An estimated 1.5 million children living on streets are vulnerable to sexual abuse and drugs on daily basis.
Karachi, Pakistan – Just as fans from India and Pakistan were gearing up for a cricket World Cup match last February, two friends from either side of the border were coming together to defeat the countries’ common enemy – hunger.
In 2014, Neel Ghose had launched an initiative to feed 150 homeless people in New Delhi. When he shared the idea with Sarah Afridi a few months later, the Pakistan chapter of Robin Hood Army (RHA) was born.
A third of the world’s annual food production for human consumption – 1.3bn tonnes – goes to waste, according to a Food and Agriculture Organization study.
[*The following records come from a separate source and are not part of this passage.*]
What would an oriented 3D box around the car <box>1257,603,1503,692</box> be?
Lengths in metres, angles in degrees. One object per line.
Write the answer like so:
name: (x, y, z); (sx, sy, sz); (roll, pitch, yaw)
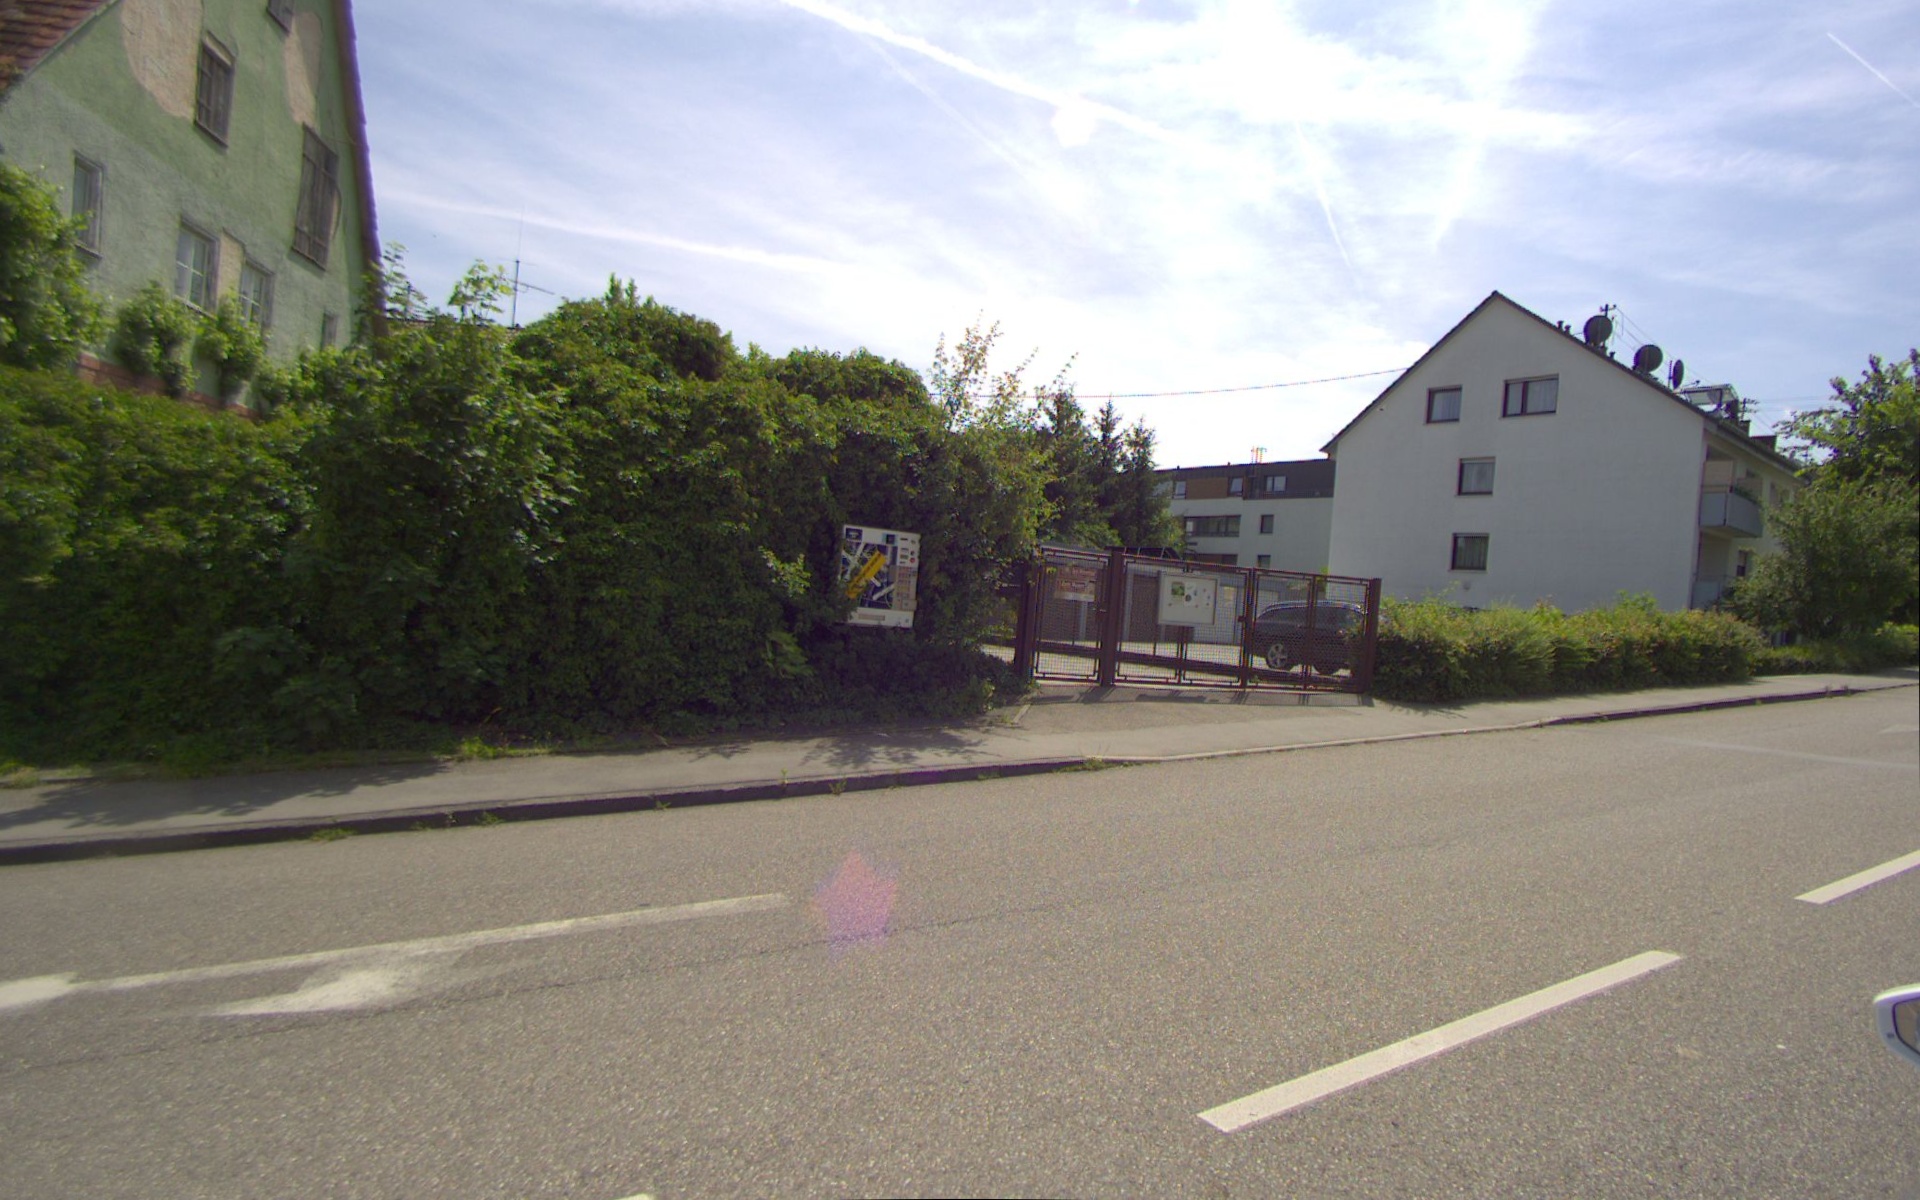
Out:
car: (8.085, 0.847, 19.631); (1.983, 1.406, 3.955); (1, 1, -38)
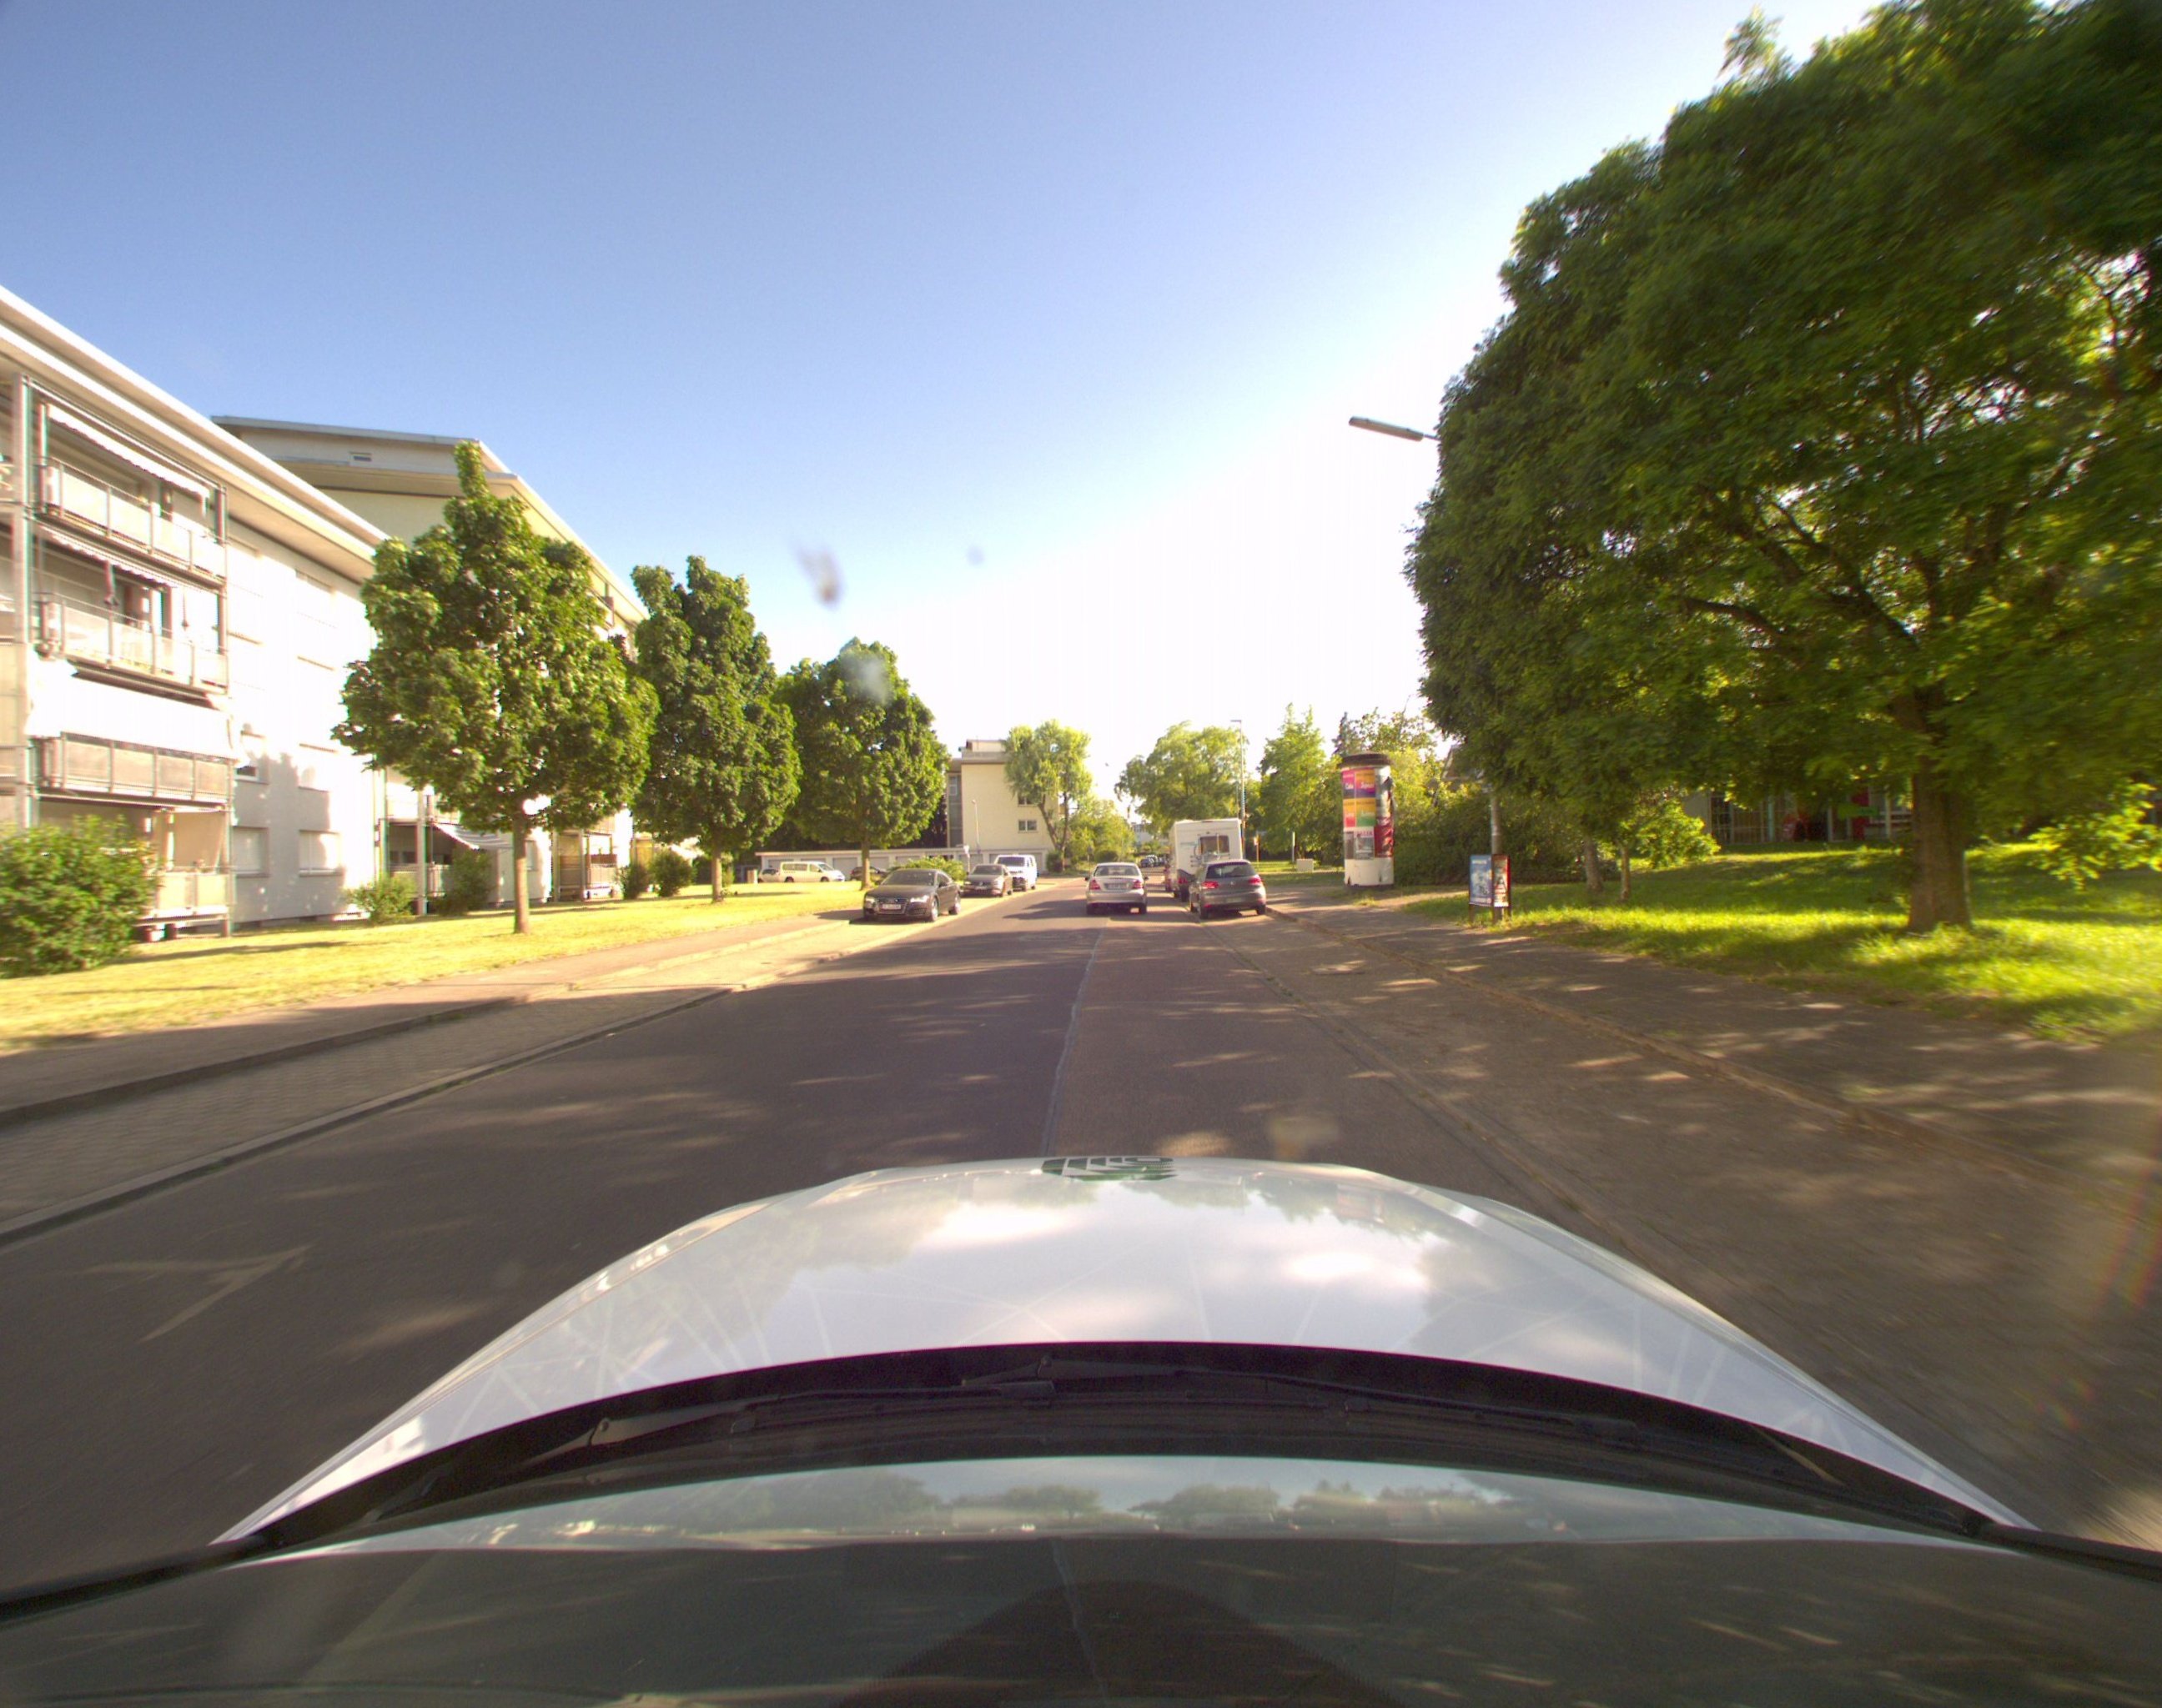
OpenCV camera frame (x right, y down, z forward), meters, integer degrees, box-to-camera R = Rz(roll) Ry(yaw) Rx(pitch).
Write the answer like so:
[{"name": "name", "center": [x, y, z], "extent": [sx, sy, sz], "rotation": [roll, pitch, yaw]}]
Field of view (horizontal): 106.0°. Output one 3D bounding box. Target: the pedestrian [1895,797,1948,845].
[{"name": "pedestrian", "center": [28.677, -1.112, 27.809], "extent": [0.847, 1.576, 1.096], "rotation": [-2, -1, 23]}]

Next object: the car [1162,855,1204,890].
[{"name": "car", "center": [4.798, 0.848, 38.683], "extent": [1.684, 1.474, 4.004], "rotation": [-2, -1, 4]}]

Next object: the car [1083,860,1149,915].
[{"name": "car", "center": [1.060, 0.917, 23.417], "extent": [1.725, 1.434, 3.442], "rotation": [-1, -1, 4]}]

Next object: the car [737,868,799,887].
[{"name": "car", "center": [-26.820, 2.008, 69.806], "extent": [4.422, 1.461, 2.002], "rotation": [-2, 0, 4]}]

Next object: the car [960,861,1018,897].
[{"name": "car", "center": [-4.044, 1.092, 36.466], "extent": [1.825, 1.518, 4.226], "rotation": [0, -1, 4]}]

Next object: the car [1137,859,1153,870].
[{"name": "car", "center": [10.107, 1.660, 127.688], "extent": [1.901, 1.490, 3.849], "rotation": [-4, -1, 11]}]

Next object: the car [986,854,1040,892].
[{"name": "car", "center": [-3.517, 0.969, 42.951], "extent": [2.005, 1.886, 5.197], "rotation": [0, -1, 5]}]

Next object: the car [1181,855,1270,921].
[{"name": "car", "center": [3.905, 0.861, 22.729], "extent": [1.714, 1.524, 4.430], "rotation": [-5, 0, 2]}]

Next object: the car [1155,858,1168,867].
[{"name": "car", "center": [15.056, 1.623, 152.497], "extent": [1.738, 1.521, 4.207], "rotation": [-3, -1, 13]}]

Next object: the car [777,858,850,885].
[{"name": "car", "center": [-21.755, 1.392, 66.223], "extent": [5.073, 1.951, 2.244], "rotation": [-2, 0, 11]}]

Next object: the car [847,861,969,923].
[{"name": "car", "center": [-4.714, 0.974, 23.100], "extent": [2.026, 1.493, 5.261], "rotation": [1, 0, 3]}]

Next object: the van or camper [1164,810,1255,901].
[{"name": "van or camper", "center": [4.516, 0.059, 29.835], "extent": [2.486, 2.845, 6.856], "rotation": [-2, 0, 3]}]

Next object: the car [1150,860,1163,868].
[{"name": "car", "center": [13.484, 1.830, 146.078], "extent": [1.737, 1.330, 3.463], "rotation": [-4, -1, 14]}]

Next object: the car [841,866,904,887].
[{"name": "car", "center": [-16.694, 1.770, 65.301], "extent": [4.415, 1.461, 2.049], "rotation": [-2, 0, 10]}]

This could feed one in nine of the 7.3 billion people in the world who go to bed hungry each night.
In Pakistan, six out of 10 people suffer from food insecurity, meaning that 60 percent of the country’s population has limited access to a sufficient quantity of affordable, nutritious food.
Groups of youths in Karachi, Lahore and Islamabad set out each Sunday to collect excess produce from food outlets with which they feed a few hundred households in Pakistan.
“We take this food to those who are not sure where their next meal is going to come from,” Anaam Afridi, a founding member of RHA Pakistan, told Al Jazeera while distributing food on a sweltering afternoon in a Hindu slum in the southern city of Karachi.
The Robin Hood Army’s slogan, “We might be on different teams but we are batting for the same side”, is aimed at bridging the India-Pakistan divide, explained Afridi, barely audible above the sound of children singing at the sight of cupcakes and pastries.
The Robin Hood Army is present in 23 cities across five countries – Pakistan, India, Bangladesh, Malaysia and Indonesia – with more than 3,000 Robins having served nearly 500,000 people.